Those of us who are lucky enough to transition while we are still under 25 or even 30 are far more likely to find a partner than those who are over 30 at time of transition. The other lucky ones are those who happen to retain a partner from before their transistion. These are both minorities in the transwoman community. Things luckily are changing for everyone and for the better but not fast enough. I think in my own transition this was the hardest risk – to accept the possibility that I would be alone all my life. I still made the choice gladly because for me it was worth it. Transwomen choose a life where we are less likely to find love let alone someone who would marry us. That doesn’t mean that shouldn’t be an option though.
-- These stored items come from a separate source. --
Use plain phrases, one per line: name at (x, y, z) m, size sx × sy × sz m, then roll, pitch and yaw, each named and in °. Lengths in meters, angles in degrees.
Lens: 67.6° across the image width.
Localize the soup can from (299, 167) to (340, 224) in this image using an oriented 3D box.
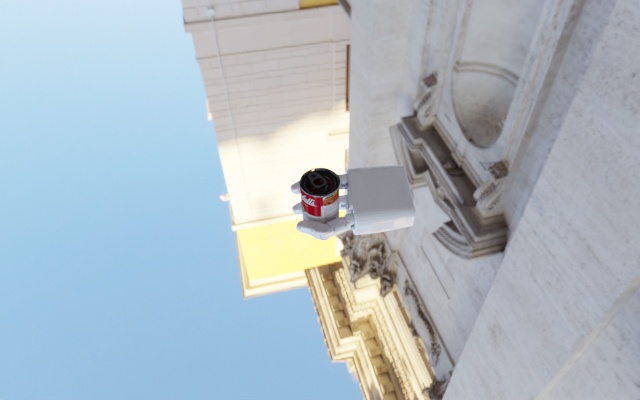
soup can at (0.000, 0.003, 0.823) m, size 0.068 × 0.068 × 0.102 m, roll 0°, pitch -43°, yaw 2°
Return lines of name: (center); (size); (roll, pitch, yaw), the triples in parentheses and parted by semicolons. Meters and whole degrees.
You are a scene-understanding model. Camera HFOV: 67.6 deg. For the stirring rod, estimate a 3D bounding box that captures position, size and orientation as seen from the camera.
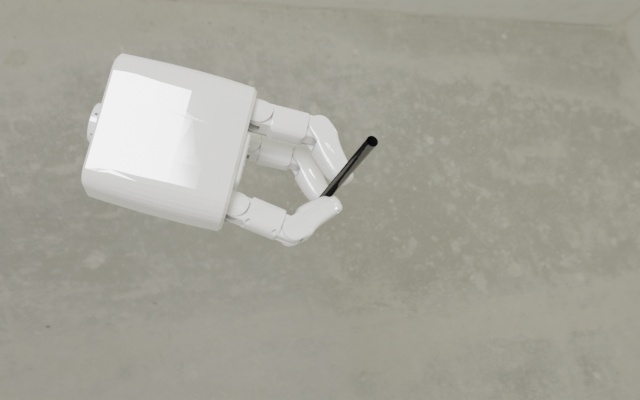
stirring rod: (0.000, 0.001, 0.421); (0.011, 0.011, 0.240); (0, -20, -17)
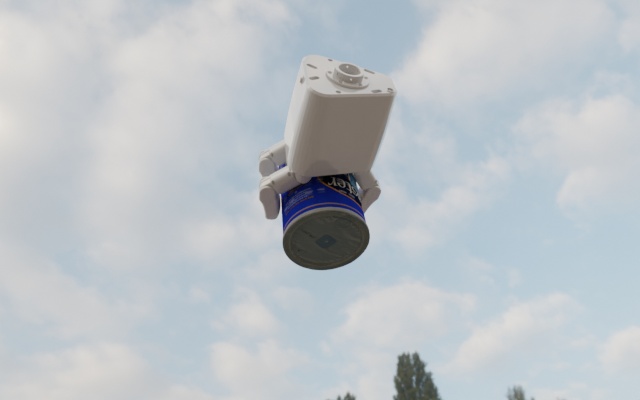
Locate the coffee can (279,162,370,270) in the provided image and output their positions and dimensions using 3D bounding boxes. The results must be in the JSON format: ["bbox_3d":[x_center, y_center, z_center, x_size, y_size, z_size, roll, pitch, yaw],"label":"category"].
[{"bbox_3d":[0.000,0.002,0.605,0.103,0.103,0.140,0,43,-8],"label":"coffee can"}]
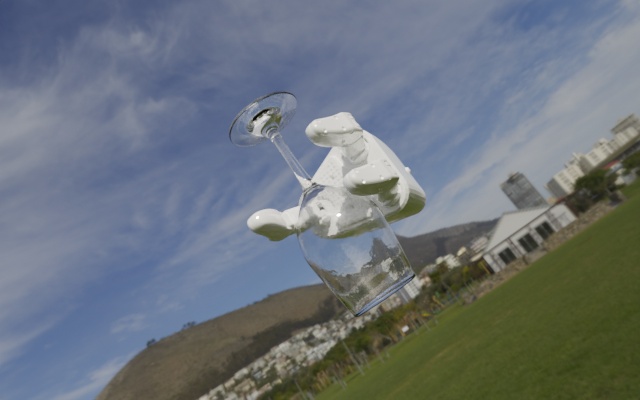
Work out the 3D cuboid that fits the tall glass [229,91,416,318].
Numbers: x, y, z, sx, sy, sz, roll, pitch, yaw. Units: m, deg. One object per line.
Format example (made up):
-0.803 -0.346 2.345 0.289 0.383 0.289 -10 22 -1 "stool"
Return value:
0.000 0.001 0.424 0.079 0.201 0.079 -31 -18 -11 "tall glass"
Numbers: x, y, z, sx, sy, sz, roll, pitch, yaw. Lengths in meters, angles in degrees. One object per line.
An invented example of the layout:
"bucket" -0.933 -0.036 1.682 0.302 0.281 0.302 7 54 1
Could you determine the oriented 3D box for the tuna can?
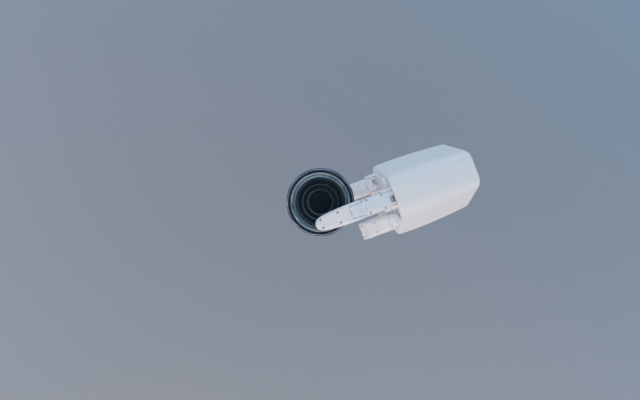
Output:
"tuna can" 0.000 0.002 0.602 0.086 0.086 0.034 0 0 1
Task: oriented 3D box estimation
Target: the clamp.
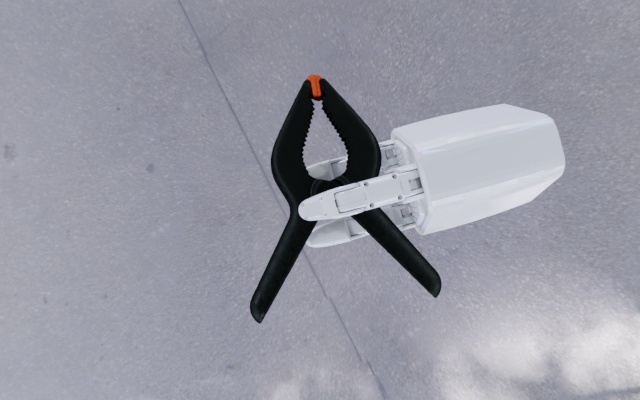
[{"bbox_3d":[0.000,0.001,0.409,0.164,0.210,0.036,-15,0,-1],"label":"clamp"}]
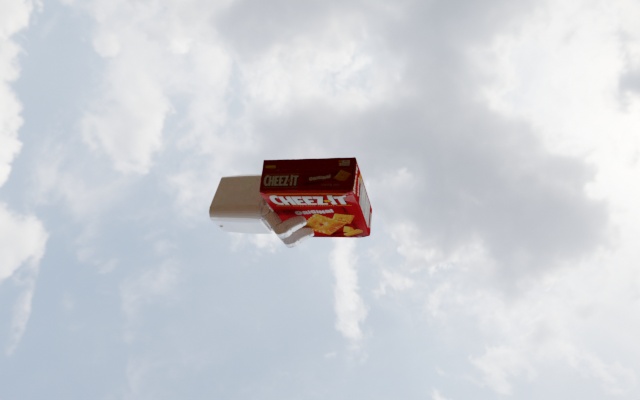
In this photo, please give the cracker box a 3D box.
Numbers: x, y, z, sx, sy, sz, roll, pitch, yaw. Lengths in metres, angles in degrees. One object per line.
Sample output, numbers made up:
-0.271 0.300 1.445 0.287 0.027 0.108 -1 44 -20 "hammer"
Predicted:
0.000 0.003 0.880 0.164 0.072 0.214 -1 -25 14 "cracker box"
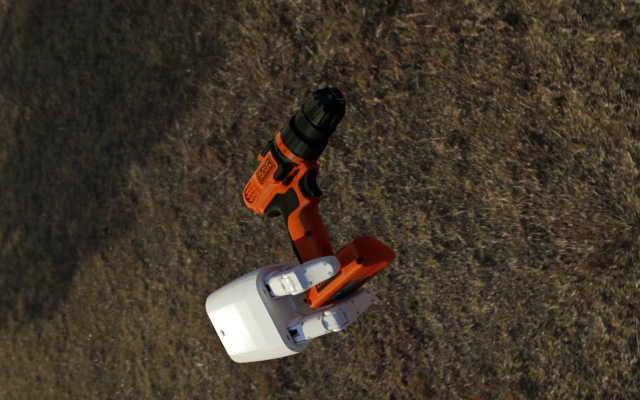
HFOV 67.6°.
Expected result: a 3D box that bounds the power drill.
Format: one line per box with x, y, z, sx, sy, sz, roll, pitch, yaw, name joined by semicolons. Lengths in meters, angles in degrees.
0.000;0.002;0.504;0.057;0.187;0.184;-4;-34;-41;power drill
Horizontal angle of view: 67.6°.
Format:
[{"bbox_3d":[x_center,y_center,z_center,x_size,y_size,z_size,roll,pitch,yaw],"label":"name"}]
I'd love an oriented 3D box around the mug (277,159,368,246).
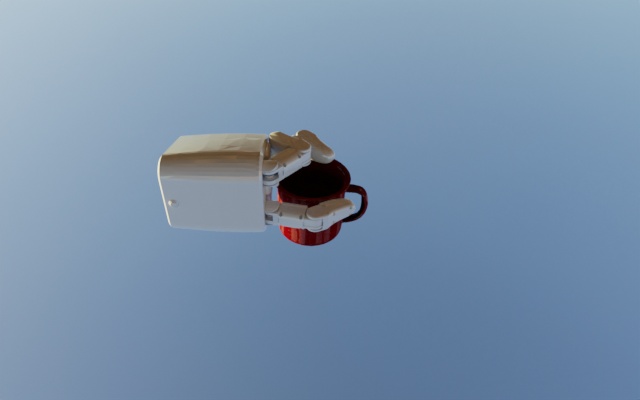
[{"bbox_3d":[0.002,0.002,0.592,0.117,0.082,0.093,2,39,-2],"label":"mug"}]
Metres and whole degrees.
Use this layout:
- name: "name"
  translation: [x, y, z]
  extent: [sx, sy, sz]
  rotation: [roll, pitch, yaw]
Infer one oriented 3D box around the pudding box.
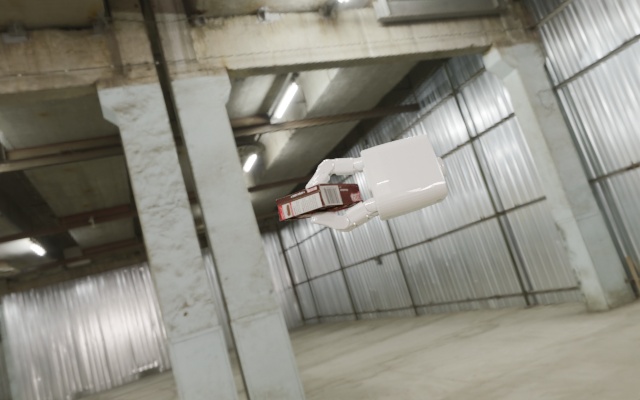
- name: "pudding box"
  translation: [0.000, 0.002, 0.750]
  extent: [0.090, 0.039, 0.113]
  rotation: [-20, -12, 34]
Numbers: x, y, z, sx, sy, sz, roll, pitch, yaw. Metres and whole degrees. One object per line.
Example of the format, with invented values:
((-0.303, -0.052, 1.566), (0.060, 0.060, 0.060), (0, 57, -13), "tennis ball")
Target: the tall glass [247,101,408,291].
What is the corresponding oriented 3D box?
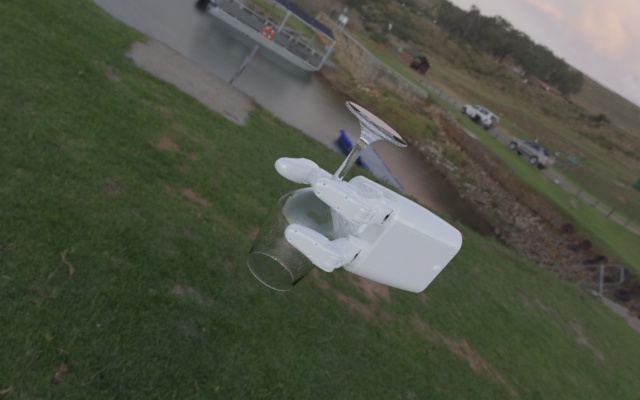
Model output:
((0.000, 0.001, 0.495), (0.079, 0.201, 0.079), (32, 19, -12), "tall glass")
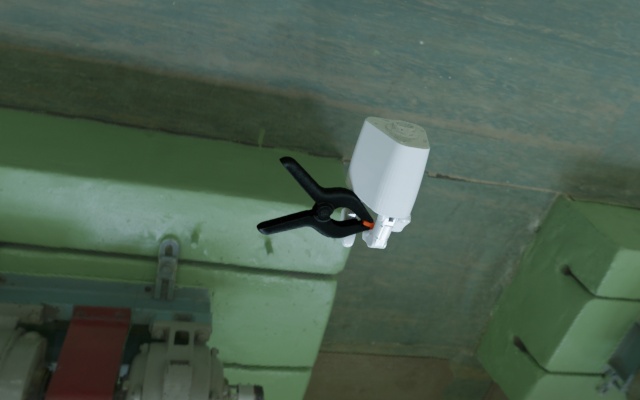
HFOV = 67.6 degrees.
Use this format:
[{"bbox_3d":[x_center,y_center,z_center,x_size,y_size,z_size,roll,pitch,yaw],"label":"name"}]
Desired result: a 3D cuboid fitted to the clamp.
[{"bbox_3d":[0.000,0.003,0.692,0.171,0.120,0.039,6,27,-15],"label":"clamp"}]
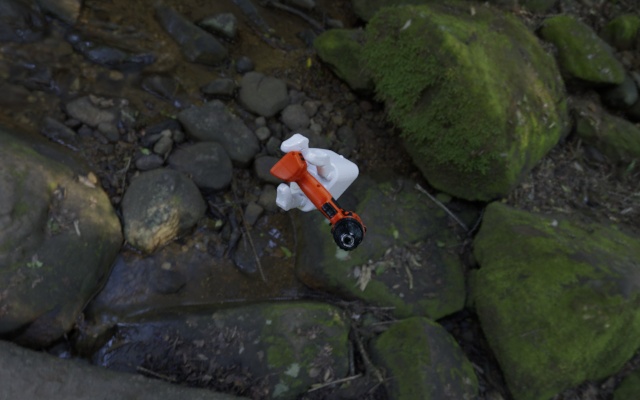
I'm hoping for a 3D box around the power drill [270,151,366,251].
[{"bbox_3d":[0.000,0.002,0.796,0.057,0.187,0.184,-41,1,4],"label":"power drill"}]
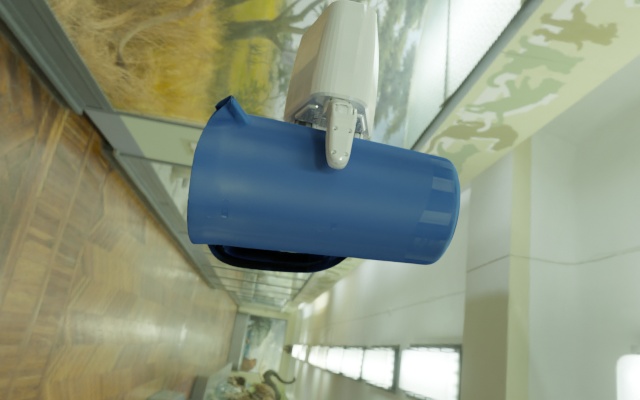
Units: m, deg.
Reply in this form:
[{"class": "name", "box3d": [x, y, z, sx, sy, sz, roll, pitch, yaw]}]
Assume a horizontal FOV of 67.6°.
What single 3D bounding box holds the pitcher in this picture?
[{"class": "pitcher", "box3d": [0.000, 0.001, 0.470, 0.243, 0.145, 0.149, 9, -12, -4]}]
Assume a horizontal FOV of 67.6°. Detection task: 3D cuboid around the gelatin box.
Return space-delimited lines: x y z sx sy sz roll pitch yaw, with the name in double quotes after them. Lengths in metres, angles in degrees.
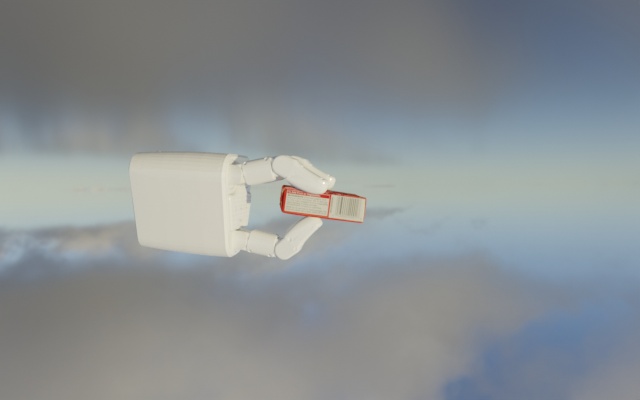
0.000 0.002 0.524 0.089 0.030 0.073 8 3 -5 "gelatin box"

It takes a special person to love a transwoman, and an amazing person to openly love a transwoman. Your average person has a hard time with what caring for a transwoman marks them as, mostly a freak. Many people get further scared off when they enter the world of daily harassment and discrimination that is a transwoman’s life. All the things that society inflicts upon transwomen become the burden of a significant other of a transwoman. I have had more than a few partners who buckled under the pressure that can be massive at times. Women, men and gender neutral, all those who ventured to love me eventually found it all too devastating. So It was amazing and wonderful when just as I submitted to a life alone, I finally found my soul mate, my love, my best friend Ryan, who is just the most amazing person I have ever met. I still feel lucky that I have him.

What was not so amazing was having to have a civil union instead of a marriage. I have nothing against civil unions or those who choose to have them. It was just not what we wanted. As Christians we believed it was our right as man and woman to have a marriage. Also on a practical level marriage came with more benefits for me as an American. In order to take my husband’s surname legally with a civil union I have to change my name by deed poll through the American court system. Is this a special right? Or something that every legally bound couple deserves? This is all we want, equality.

A civil union is not the same as a marriage, it is its awkward and annoying cousin. It promises everything that a marriage offers and falls drastically short. And its failings not only affect the couple but the entire family that may blossom from the beautiful union of two people. The negative effects are just yet to be discovered as more and more people in civil unions begin to start families. As someone who is planning and hoping for children I will want the best for my children and for their future. I have to be convinced that the limitations of a civil union is the best. I’m not saying civil unions are evil and bad, but they don’t fit everyone, and EVERYONE deserves the right to choose marriage or civil union. I’m not asking for any special rights or privileges just those that every other man and woman who want to take their relationship further legal step. Maybe in other circumstances a civil union would be what Ryan and I would have chosen, maybe were we not Christians, or fans of marriage, or wanting a family.

I just wish we had been given the choice of having a civil union or a marriage.